A chave

Quem comanda as negociações internacionais, por ordem do presidente Lula, sou eu, diz o ministro das Relações Exteriores, Celso Amorim. Ninguém duvida, mas além de Amorim tem mais gente dando palpite nas articulações da Alca, Mercosul e nos procedimentos para as exportações que pagam nossa dívida externa. Quem manda no secretário da Receita Federal, Jorge Rachid, e no corregedor-geral Moacir Leão, é o ministro Antônio Palocci, da Fazenda, sentencia o presidente José Genoíno, do PT. Mas a Receita Federal faz o que quer: tem o poder de arrecadar mais, arrecadar menos, ou simplesmente fazer operação-padrão exigindo aumento salarial. Na Polícia Federal manda o ministro da Justiça, Márcio Thomaz Bastos. Mas ali faz tempo que há problemas e parece que ninguém atende suas ordens. Faltam até simples caderninhos para a expedição de passaportes. Sobre o ministro da Saúde, que reclama publicamente contra atos presidenciais, manda o presidente Lula. E ponto final. Os velhinhos agradecem, mas, como os demais, padecem nas filas do SUS e dos hospitais.

Antes, vimos outras. O ministro das Comunicações queimou discurso contra aumentos tarifários da telefonia em nome do próprio presidente. Mas foi desautorizado pelo Planalto antes de 24 horas passadas. No caso da liberação temporária dos transgênicos, uma medida provisória saía do Planalto com um texto e chegava na Imprensa Oficial com outro. Pode? Uma, duas, três vezes o fiasco se repetiu. Ficou por isso. Sobre o vice-presidente José Alencar manda o presidente Lula, alguém duvida? No Fome Zero, idas e vindas constituem rotina e há dúvidas sobre seu próprio sucesso. Está difícil acreditar e nem mesmo Benedita da Silva, a religiosa ministra que devia estar à frente da promoção social dos pobres brasileiros, consegue mais dormir tranqüila: depois da inocência celebrada em público pelo companheiro presidente no caso da viagem argentina, vem a investigação do Ministério Público. Como fica?

O que se verifica no governo, nove meses e meio depois da posse, é isso.
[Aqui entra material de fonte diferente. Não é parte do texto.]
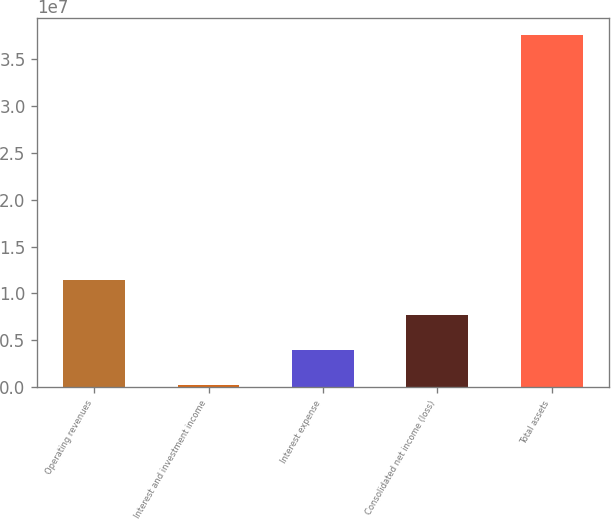Convert chart. <chart><loc_0><loc_0><loc_500><loc_500><bar_chart><fcel>Operating revenues<fcel>Interest and investment income<fcel>Interest expense<fcel>Consolidated net income (loss)<fcel>Total assets<nl><fcel>1.14342e+07<fcel>236628<fcel>3.96916e+06<fcel>7.70169e+06<fcel>3.7562e+07<nl></chart> 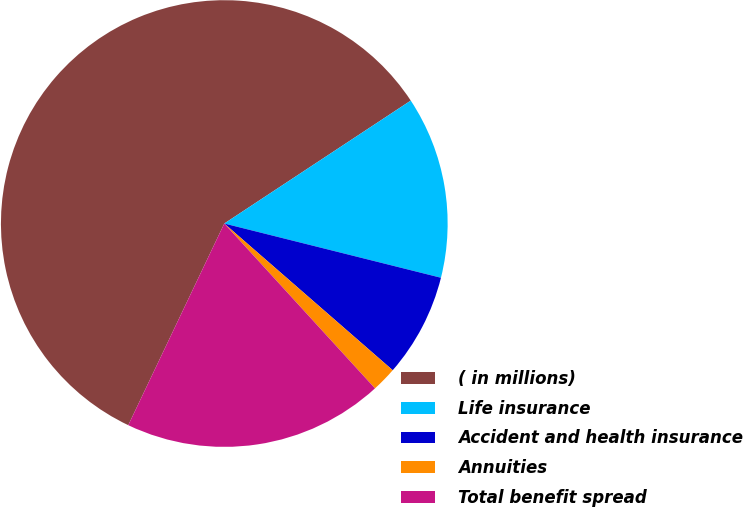Convert chart. <chart><loc_0><loc_0><loc_500><loc_500><pie_chart><fcel>( in millions)<fcel>Life insurance<fcel>Accident and health insurance<fcel>Annuities<fcel>Total benefit spread<nl><fcel>58.65%<fcel>13.18%<fcel>7.5%<fcel>1.81%<fcel>18.86%<nl></chart> 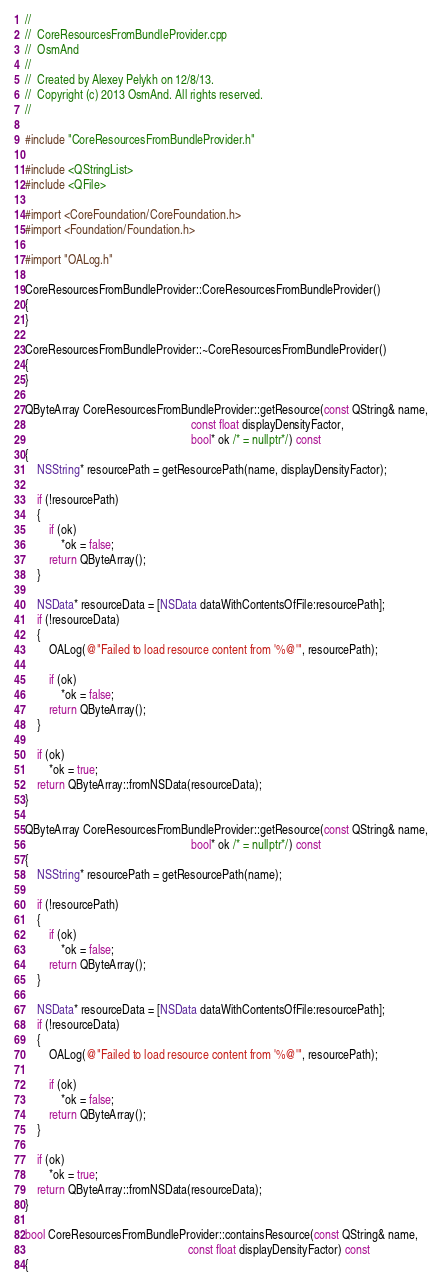<code> <loc_0><loc_0><loc_500><loc_500><_ObjectiveC_>//
//  CoreResourcesFromBundleProvider.cpp
//  OsmAnd
//
//  Created by Alexey Pelykh on 12/8/13.
//  Copyright (c) 2013 OsmAnd. All rights reserved.
//

#include "CoreResourcesFromBundleProvider.h"

#include <QStringList>
#include <QFile>

#import <CoreFoundation/CoreFoundation.h>
#import <Foundation/Foundation.h>

#import "OALog.h"

CoreResourcesFromBundleProvider::CoreResourcesFromBundleProvider()
{
}

CoreResourcesFromBundleProvider::~CoreResourcesFromBundleProvider()
{
}

QByteArray CoreResourcesFromBundleProvider::getResource(const QString& name,
                                                        const float displayDensityFactor,
                                                        bool* ok /* = nullptr*/) const
{
    NSString* resourcePath = getResourcePath(name, displayDensityFactor);

    if (!resourcePath)
    {
        if (ok)
            *ok = false;
        return QByteArray();
    }

    NSData* resourceData = [NSData dataWithContentsOfFile:resourcePath];
    if (!resourceData)
    {
        OALog(@"Failed to load resource content from '%@'", resourcePath);

        if (ok)
            *ok = false;
        return QByteArray();
    }

    if (ok)
        *ok = true;
    return QByteArray::fromNSData(resourceData);
}

QByteArray CoreResourcesFromBundleProvider::getResource(const QString& name,
                                                        bool* ok /* = nullptr*/) const
{
    NSString* resourcePath = getResourcePath(name);

    if (!resourcePath)
    {
        if (ok)
            *ok = false;
        return QByteArray();
    }

    NSData* resourceData = [NSData dataWithContentsOfFile:resourcePath];
    if (!resourceData)
    {
        OALog(@"Failed to load resource content from '%@'", resourcePath);

        if (ok)
            *ok = false;
        return QByteArray();
    }

    if (ok)
        *ok = true;
    return QByteArray::fromNSData(resourceData);
}

bool CoreResourcesFromBundleProvider::containsResource(const QString& name,
                                                       const float displayDensityFactor) const
{</code> 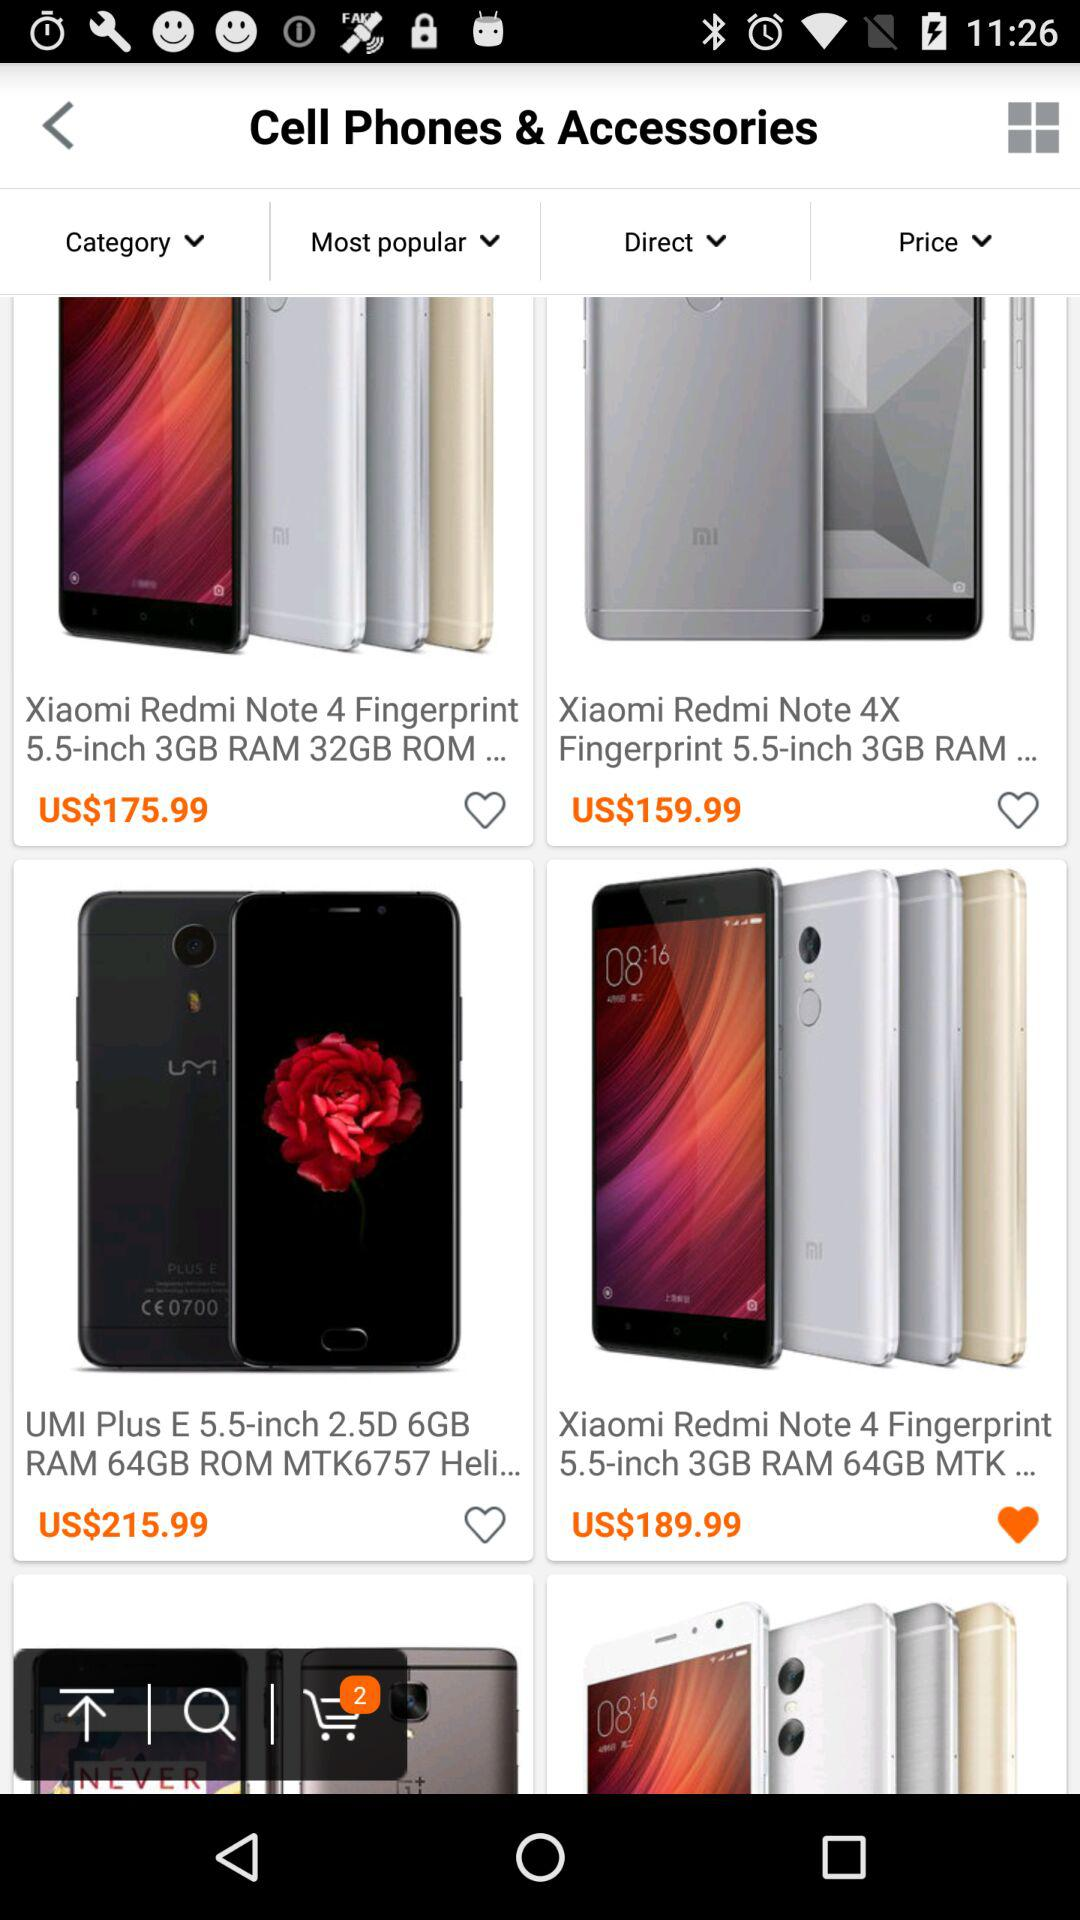How many products have been added to the cart? The number of products that have been added to the cart is 2. 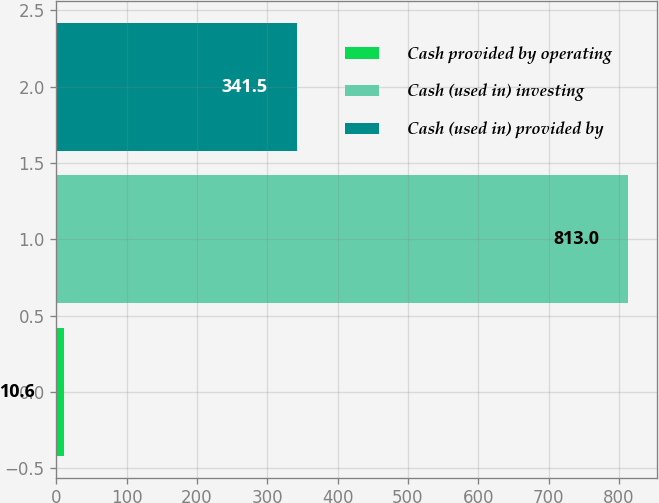<chart> <loc_0><loc_0><loc_500><loc_500><bar_chart><fcel>Cash provided by operating<fcel>Cash (used in) investing<fcel>Cash (used in) provided by<nl><fcel>10.6<fcel>813<fcel>341.5<nl></chart> 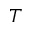Convert formula to latex. <formula><loc_0><loc_0><loc_500><loc_500>T</formula> 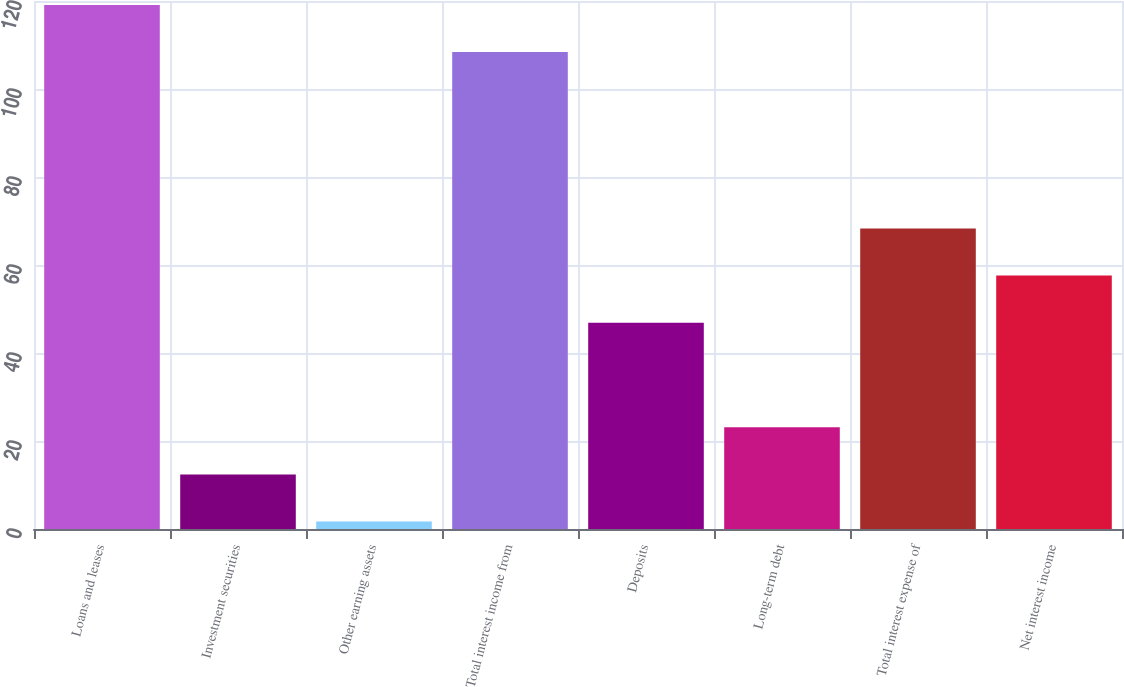Convert chart to OTSL. <chart><loc_0><loc_0><loc_500><loc_500><bar_chart><fcel>Loans and leases<fcel>Investment securities<fcel>Other earning assets<fcel>Total interest income from<fcel>Deposits<fcel>Long-term debt<fcel>Total interest expense of<fcel>Net interest income<nl><fcel>119.1<fcel>12.4<fcel>1.7<fcel>108.4<fcel>46.9<fcel>23.1<fcel>68.3<fcel>57.6<nl></chart> 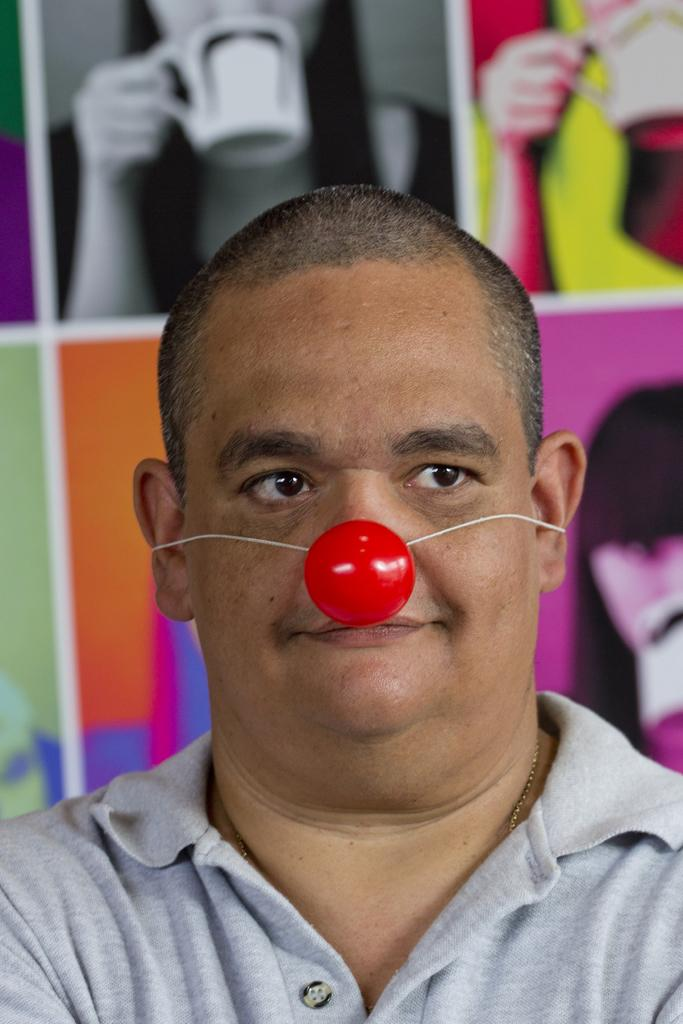Who or what is present in the image? There is a person in the image. What is the person wearing on their face? The person is wearing a red object on their face. Can you describe any other objects or features in the image? There is a colorful frame visible in the image. How many kittens are playing with the person's feet in the image? There are no kittens present in the image. Can you tell me if there is an airport visible in the background of the image? There is no mention of an airport or any background details in the provided facts. 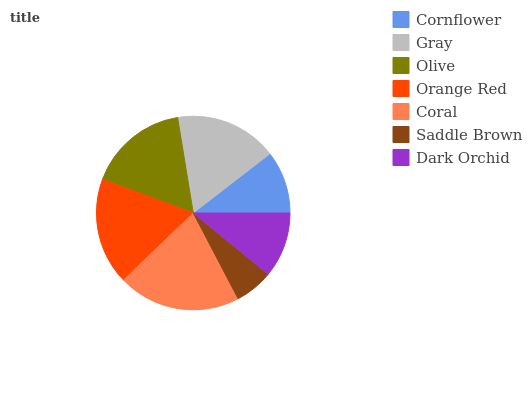Is Saddle Brown the minimum?
Answer yes or no. Yes. Is Coral the maximum?
Answer yes or no. Yes. Is Gray the minimum?
Answer yes or no. No. Is Gray the maximum?
Answer yes or no. No. Is Gray greater than Cornflower?
Answer yes or no. Yes. Is Cornflower less than Gray?
Answer yes or no. Yes. Is Cornflower greater than Gray?
Answer yes or no. No. Is Gray less than Cornflower?
Answer yes or no. No. Is Olive the high median?
Answer yes or no. Yes. Is Olive the low median?
Answer yes or no. Yes. Is Dark Orchid the high median?
Answer yes or no. No. Is Saddle Brown the low median?
Answer yes or no. No. 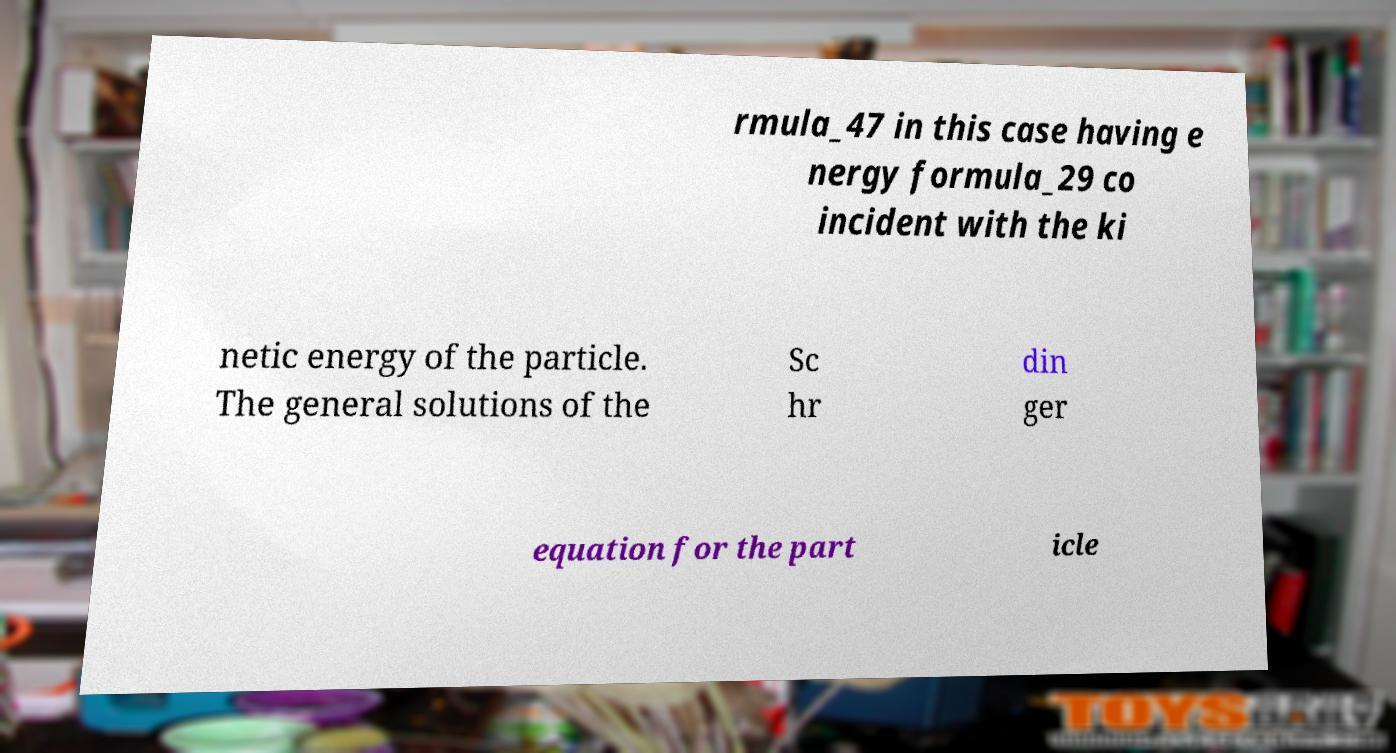Can you read and provide the text displayed in the image?This photo seems to have some interesting text. Can you extract and type it out for me? rmula_47 in this case having e nergy formula_29 co incident with the ki netic energy of the particle. The general solutions of the Sc hr din ger equation for the part icle 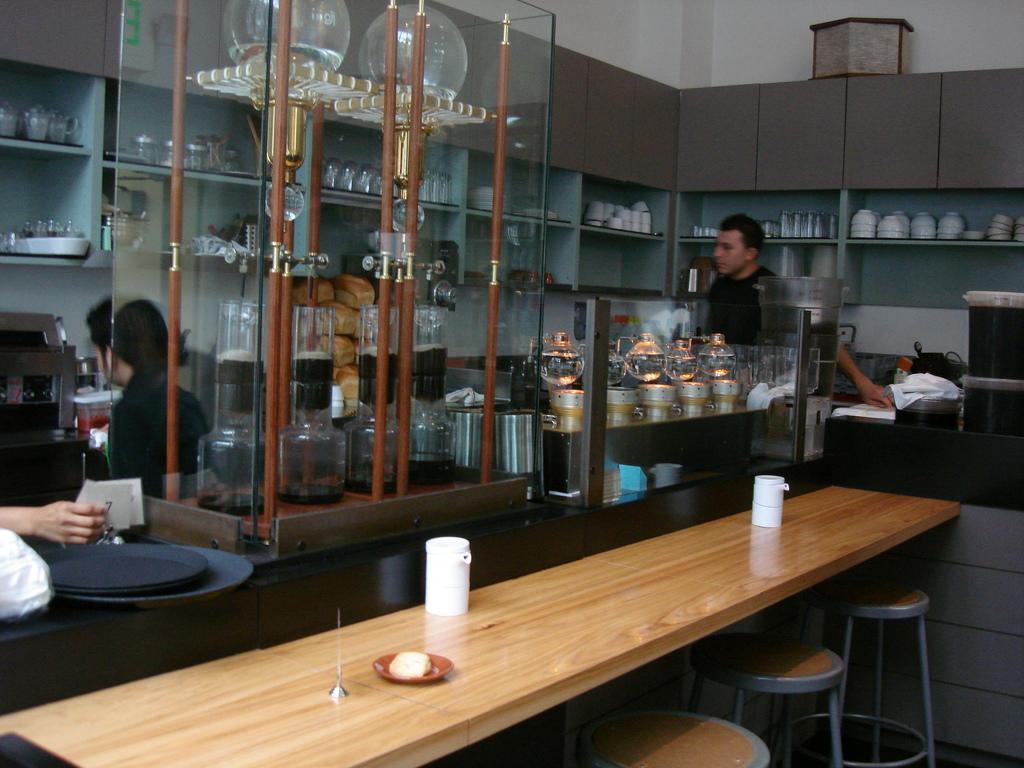Can you describe this image briefly? In this image at the bottom there is a table, on the table there are some objects, under the table, there are some tables, in the middle there are glass jars, ,lights, behind the wall, there is a rack, in the rack there are some bowls, glasses, in front of the rack there are some persons, at the top there is the wall, on the left side there is a person's hand which is holding paper and plates kept on table. 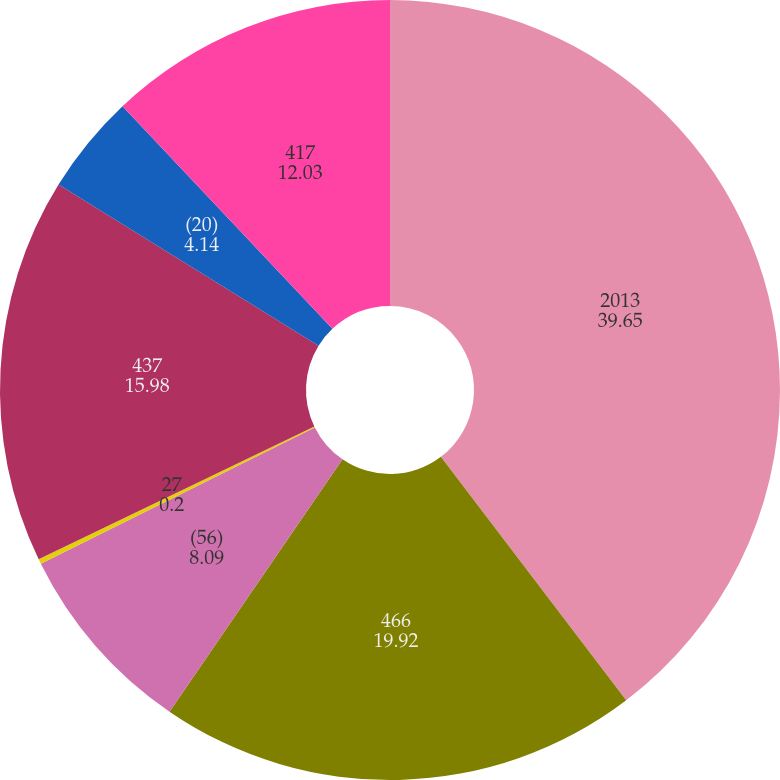Convert chart to OTSL. <chart><loc_0><loc_0><loc_500><loc_500><pie_chart><fcel>2013<fcel>466<fcel>(56)<fcel>27<fcel>437<fcel>(20)<fcel>417<nl><fcel>39.65%<fcel>19.92%<fcel>8.09%<fcel>0.2%<fcel>15.98%<fcel>4.14%<fcel>12.03%<nl></chart>

Muita gente mandando e poucos obedecendo. Tem-se a impressão de que poucas coisas, exceto na parte que arrecada, funcionam a contento. E quando parece que funcionam, alguma engrenagem trava. Na Polícia Rodoviária Federal, o escândalo das propinas e favores especiais coloca por terra a reputação da corporação inteira. Não bastasse, vem o vice-presidente do Supremo Tribunal Federal, Nelson Jobim, e coloca em dúvida o texto da Constituição, nossa lei maior, ao revelar artigos enxertados sem a aprovação dos constituintes. Enquanto Executivo e Judiciário brigam, na Avenida das Torres, em Curitiba, cheia de radares e ratoeiras eletrônicas para apanhar motoristas incautos, uma professora é assaltada e morta pelos bandidos que, há muito, descobriram as facilidades da baixa velocidade imposta pela polícia eletrônica. A enésima vítima. E sem reação da polícia de carne e osso ou dos órgãos de segurança em desapreço que, aliás, colocam seus agentes de licença a serviço da proteção dos radares, não das pessoas. E também matam na madrugada…

Quem manda e quem desmanda? Ordem dada só tem valor se fielmente obedecida. Mas o problema não devia ser exatamente esse. Nem no alto escalão, nem nos andares de baixo de uma sociedade tão cordata como a brasileira. Cordata ou desacordada. Um estudo que o Ministério da Educação acaba de dar à luz da mídia nacional talvez seja a chave para a abertura das portas de um novo Brasil: um professor ganha metade do salário de um policial. E quanto mais pobre é a região, pior é o salário do professor, menor é a sua formação e mais precária é a infra-estrutura da escola em que trabalha. Orientar políticas a serem adotadas pelo governo em todos os níveis é o objetivo do estudo feito pela área do governo em que manda o ministro Cristovam Buarque.

Quando os professores brasileiros ganharem mais que os policiais, provavelmente teremos mais compreensão e menos mandarins na política. Daquela internacional a esta local. Guardas de trânsito são mais importantes, úteis e necessários para orientar do que para multar. Como os professores que, felizmente, muito pouco mandam.